Band-e Amir are a group of six stunning, spectacular and almost surreal, turquoise lakes in central Afghanistan, that sit embedded, like giant lapis lazuli in a unique step-like lock system, in the Hindu Kush mountains at an altitude of 2900m. On April 22, 2009 as the world celebrated Earth Day, Band-e-Amir was declared Afghanistanís first National Park. It is a chain of intensely blue lakes created by natural dams of travertine, a mineral deposit, high in the mountainous desert of central Afghanistan. The lakes were formed from mineral-rich water that seeped out of faults and cracks in the rocky landscape. Over time, the water deposited layers of hardened mineral (travertine) that built up into walls that now contain the water. According to the Wildlife Conservation Society, who helped the Afghan government set up the park, Band-e-Amir is one of the few travertine systems in the world. The starkness of the surrounding landscape highlights the blue of the lakes, which reflect the surrounding towering cliffs in their almost still and glass-like waters. Lake Kara is the largest of the six lakes in the Band-e-Amir National Park.
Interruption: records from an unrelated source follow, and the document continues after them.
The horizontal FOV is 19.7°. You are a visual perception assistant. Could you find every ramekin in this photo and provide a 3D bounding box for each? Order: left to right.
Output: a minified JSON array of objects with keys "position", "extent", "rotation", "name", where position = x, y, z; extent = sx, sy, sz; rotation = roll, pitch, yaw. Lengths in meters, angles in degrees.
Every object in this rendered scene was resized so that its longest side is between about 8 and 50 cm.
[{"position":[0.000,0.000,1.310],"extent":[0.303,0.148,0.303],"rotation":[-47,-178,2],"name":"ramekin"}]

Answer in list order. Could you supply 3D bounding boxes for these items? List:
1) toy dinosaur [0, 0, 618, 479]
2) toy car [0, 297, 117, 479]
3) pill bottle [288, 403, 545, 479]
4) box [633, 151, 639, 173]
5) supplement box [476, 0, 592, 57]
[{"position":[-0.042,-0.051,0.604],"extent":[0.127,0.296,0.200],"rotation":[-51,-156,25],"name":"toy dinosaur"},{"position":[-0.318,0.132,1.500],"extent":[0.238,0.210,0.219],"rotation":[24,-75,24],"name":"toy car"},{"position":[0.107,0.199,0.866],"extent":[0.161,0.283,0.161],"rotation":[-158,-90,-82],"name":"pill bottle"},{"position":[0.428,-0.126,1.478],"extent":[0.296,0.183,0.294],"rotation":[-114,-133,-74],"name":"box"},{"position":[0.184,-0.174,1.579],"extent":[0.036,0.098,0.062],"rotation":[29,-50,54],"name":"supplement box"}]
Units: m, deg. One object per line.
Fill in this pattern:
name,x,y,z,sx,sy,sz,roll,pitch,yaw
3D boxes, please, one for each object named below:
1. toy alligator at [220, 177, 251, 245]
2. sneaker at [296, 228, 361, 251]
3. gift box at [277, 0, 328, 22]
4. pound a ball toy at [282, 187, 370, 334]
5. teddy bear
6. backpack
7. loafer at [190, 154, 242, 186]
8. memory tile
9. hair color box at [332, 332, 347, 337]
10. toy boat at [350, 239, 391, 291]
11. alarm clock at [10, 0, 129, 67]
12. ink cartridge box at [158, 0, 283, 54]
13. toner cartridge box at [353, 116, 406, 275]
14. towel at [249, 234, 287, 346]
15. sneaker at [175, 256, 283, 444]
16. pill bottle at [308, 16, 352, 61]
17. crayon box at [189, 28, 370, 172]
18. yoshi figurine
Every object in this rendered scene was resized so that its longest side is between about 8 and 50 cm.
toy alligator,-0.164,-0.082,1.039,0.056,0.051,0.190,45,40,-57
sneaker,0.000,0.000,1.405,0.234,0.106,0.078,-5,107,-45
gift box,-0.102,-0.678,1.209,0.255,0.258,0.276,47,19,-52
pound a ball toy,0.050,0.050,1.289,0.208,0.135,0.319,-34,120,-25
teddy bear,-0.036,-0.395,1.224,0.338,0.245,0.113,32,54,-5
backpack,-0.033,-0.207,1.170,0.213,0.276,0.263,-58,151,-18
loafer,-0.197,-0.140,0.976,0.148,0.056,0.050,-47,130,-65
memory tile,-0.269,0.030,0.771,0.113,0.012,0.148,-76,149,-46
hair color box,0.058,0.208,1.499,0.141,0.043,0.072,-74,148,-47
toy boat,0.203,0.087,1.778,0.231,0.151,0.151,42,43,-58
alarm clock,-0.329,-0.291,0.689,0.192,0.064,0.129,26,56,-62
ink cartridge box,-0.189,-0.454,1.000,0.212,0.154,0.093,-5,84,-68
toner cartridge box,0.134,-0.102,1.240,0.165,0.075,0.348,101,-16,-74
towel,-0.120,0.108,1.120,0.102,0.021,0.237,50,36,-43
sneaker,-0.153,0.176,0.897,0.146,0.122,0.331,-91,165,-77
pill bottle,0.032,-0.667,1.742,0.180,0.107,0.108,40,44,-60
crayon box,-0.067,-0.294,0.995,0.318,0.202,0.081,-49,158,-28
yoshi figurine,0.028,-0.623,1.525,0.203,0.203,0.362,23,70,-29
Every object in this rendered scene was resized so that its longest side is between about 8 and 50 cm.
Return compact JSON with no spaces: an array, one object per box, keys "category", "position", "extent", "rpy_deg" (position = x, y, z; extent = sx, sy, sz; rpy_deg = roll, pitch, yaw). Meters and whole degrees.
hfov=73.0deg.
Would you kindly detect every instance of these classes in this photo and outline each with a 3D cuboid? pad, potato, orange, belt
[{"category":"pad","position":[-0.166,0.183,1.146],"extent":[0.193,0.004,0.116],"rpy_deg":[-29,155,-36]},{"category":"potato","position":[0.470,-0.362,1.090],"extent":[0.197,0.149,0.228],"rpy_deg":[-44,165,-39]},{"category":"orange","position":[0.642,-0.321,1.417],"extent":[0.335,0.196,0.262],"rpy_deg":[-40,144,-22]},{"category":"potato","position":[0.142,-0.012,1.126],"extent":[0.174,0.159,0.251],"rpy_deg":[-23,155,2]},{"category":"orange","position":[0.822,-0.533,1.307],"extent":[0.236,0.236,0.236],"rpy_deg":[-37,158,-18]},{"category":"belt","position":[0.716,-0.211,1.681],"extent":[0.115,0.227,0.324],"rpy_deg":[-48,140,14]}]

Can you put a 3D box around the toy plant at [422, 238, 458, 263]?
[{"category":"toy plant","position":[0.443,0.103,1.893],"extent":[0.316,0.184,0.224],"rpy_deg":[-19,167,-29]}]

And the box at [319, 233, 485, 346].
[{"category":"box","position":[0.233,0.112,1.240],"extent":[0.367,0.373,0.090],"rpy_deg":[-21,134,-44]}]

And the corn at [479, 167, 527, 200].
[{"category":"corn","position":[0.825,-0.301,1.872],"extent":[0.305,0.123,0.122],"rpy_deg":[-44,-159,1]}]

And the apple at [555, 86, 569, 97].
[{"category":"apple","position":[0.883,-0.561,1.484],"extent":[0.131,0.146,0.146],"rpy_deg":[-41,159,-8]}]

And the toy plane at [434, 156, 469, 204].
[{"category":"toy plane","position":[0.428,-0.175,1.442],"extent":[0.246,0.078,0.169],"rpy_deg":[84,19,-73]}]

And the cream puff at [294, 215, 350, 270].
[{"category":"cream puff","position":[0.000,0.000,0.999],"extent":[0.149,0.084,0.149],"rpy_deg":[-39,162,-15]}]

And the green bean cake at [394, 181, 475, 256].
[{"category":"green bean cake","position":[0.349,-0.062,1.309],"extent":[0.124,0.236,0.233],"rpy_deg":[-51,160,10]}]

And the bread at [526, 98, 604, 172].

The newly designated National Park is near the Bamiyan Valley, where the 1,500-year-old giant Buddha statues carved into its red cliffs, once stood, before they were blasted by the Taliban in early 2001. Although the statues are gone, the breathtakingly beautiful Bamiyan valley has other natural and other historic sights.

Along with the nearby city of Bamiyan, Band-e-Amir was once the heart of Afghanistan's tourism industry. The number of visitors, however, began declining after the unrest following the Russian invasion of Afghanistan in 1979, and was almost entirely absent during the turbulent years until 2001.

The national park is spread over an area of 230 square miles in central Bamiyan Province. Approximately 5,000 people live in the thirteen villages that make up the region. Band-e-Amir has also been nominated to be a World Heritage Site.

Read the entire article in the print issue of SALT

Bande Amir Lake Kara shows the largest of the six lakes (credit: Alex Dehgan/WCS)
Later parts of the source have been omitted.